What the task asks —
Each line of the data below between the one containing "Answer yes or no. Yes. Is Mint greater" and the one containing "Keep it short and to the point. 2.83e+09.", both included, is to be repeated exactly. Please omit pictures.

-------- Given records --------

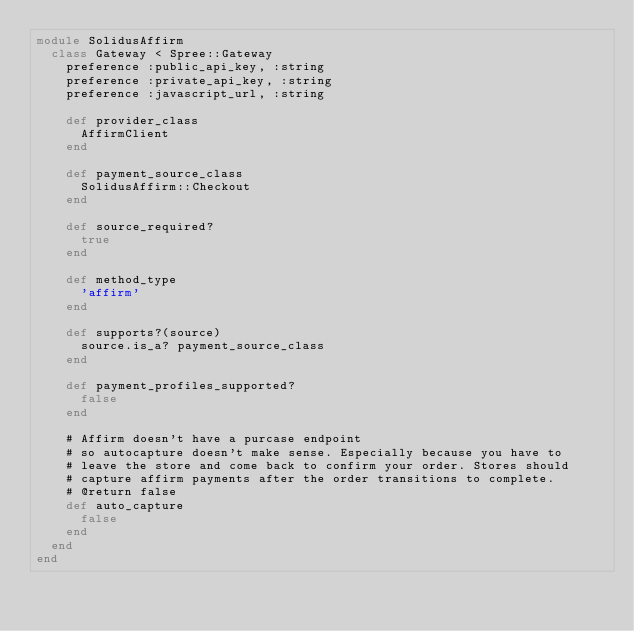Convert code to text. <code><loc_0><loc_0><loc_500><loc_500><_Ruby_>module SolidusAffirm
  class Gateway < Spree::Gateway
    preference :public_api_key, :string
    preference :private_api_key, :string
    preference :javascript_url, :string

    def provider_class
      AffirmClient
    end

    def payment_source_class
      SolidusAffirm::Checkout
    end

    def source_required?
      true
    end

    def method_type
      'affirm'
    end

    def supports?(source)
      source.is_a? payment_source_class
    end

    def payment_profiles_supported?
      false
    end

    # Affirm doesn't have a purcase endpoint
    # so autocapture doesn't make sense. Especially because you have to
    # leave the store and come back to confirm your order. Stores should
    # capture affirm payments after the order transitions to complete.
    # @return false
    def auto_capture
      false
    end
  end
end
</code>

--------
-------- Given records --------

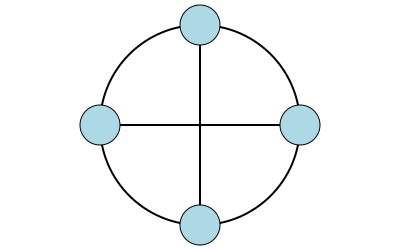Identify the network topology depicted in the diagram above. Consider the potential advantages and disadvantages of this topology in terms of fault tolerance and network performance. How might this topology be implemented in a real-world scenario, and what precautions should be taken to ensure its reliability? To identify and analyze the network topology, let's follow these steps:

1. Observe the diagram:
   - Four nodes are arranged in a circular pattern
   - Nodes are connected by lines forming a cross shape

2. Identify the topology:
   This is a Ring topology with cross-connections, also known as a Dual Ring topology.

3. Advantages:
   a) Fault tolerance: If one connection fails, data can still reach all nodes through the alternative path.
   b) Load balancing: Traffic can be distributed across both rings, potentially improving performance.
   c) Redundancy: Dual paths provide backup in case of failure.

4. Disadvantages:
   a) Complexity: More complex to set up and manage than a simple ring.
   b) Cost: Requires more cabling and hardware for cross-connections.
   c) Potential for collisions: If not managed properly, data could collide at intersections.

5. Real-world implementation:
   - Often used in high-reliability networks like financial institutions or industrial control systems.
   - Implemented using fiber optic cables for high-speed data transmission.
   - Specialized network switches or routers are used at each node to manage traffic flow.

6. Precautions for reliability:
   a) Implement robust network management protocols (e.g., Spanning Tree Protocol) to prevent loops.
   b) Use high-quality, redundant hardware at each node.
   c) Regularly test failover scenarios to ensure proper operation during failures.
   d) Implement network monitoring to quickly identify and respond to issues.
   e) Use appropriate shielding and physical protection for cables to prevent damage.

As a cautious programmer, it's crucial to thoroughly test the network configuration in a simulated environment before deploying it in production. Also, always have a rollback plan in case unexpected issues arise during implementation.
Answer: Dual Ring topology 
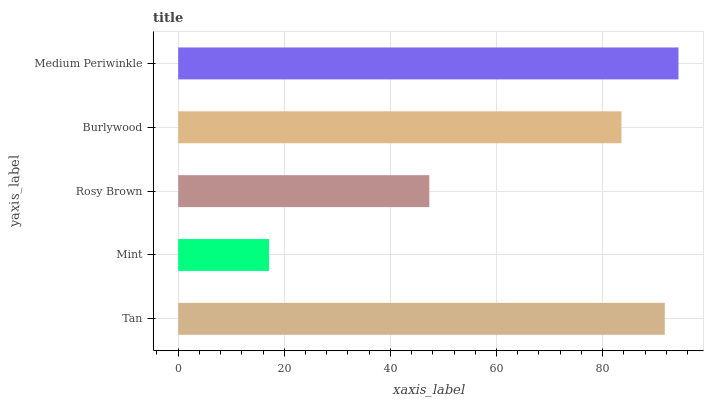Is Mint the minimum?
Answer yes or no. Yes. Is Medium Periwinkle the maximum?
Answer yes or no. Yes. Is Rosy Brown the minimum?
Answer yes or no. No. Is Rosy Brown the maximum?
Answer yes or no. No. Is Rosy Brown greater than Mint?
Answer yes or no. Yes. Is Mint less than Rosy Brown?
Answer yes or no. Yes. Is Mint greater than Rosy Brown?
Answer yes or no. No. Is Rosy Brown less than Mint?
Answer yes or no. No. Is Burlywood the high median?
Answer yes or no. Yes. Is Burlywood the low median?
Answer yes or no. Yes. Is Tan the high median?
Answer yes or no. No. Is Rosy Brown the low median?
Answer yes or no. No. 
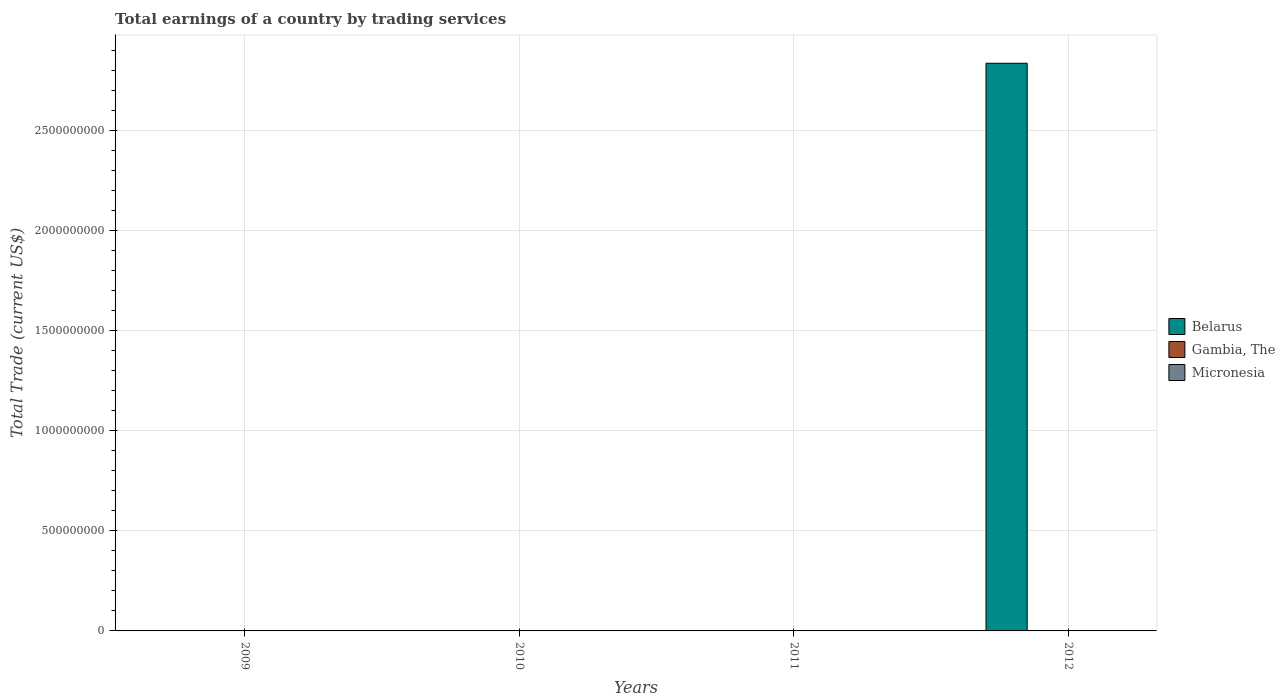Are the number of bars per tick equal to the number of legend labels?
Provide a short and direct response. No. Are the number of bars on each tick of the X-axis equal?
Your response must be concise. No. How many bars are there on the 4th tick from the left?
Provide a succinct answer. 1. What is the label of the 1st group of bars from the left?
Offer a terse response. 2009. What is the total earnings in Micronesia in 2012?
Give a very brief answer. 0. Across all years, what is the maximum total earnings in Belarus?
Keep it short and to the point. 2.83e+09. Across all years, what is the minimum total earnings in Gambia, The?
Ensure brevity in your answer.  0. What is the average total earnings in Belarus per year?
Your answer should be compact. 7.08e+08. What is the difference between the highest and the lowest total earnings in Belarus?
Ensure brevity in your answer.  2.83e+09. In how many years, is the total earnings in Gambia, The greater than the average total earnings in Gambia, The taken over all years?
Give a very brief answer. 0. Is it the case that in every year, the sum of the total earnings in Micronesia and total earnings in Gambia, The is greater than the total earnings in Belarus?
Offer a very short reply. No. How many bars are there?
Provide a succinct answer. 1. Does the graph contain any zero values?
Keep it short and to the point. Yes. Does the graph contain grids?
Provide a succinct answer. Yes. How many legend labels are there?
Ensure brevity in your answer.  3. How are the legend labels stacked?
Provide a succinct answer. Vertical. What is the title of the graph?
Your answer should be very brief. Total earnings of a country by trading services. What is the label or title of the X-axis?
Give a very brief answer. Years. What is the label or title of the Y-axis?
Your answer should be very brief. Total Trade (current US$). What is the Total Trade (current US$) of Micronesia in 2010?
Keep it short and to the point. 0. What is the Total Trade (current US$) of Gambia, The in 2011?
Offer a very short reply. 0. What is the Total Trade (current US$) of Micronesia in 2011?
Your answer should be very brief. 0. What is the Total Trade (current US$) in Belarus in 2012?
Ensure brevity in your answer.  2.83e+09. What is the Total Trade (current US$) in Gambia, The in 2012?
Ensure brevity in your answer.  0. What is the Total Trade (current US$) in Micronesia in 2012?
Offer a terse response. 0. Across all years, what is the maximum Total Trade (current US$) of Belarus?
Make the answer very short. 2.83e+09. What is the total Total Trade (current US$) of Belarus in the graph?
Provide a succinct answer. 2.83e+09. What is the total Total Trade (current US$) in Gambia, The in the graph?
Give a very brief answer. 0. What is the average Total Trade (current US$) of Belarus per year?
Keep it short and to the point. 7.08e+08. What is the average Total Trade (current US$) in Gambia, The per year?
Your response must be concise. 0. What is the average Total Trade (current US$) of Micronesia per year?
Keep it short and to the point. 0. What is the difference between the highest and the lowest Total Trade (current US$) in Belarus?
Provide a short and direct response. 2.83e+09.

--------

Task output —
Answer yes or no. Yes. Is Mint greater than Rosy Brown?
Answer yes or no. No. Is Rosy Brown less than Mint?
Answer yes or no. No. Is Burlywood the high median?
Answer yes or no. Yes. Is Burlywood the low median?
Answer yes or no. Yes. Is Tan the high median?
Answer yes or no. No. Is Rosy Brown the low median?
Answer yes or no. No. 
Are the number of bars per tick equal to the number of legend labels?
Provide a short and direct response. No. Are the number of bars on each tick of the X-axis equal?
Your response must be concise. No. How many bars are there on the 4th tick from the left?
Provide a succinct answer. 1. What is the label of the 1st group of bars from the left?
Offer a terse response. 2009. What is the total earnings in Micronesia in 2012?
Give a very brief answer. 0. Across all years, what is the maximum total earnings in Belarus?
Keep it short and to the point. 2.83e+09. Across all years, what is the minimum total earnings in Gambia, The?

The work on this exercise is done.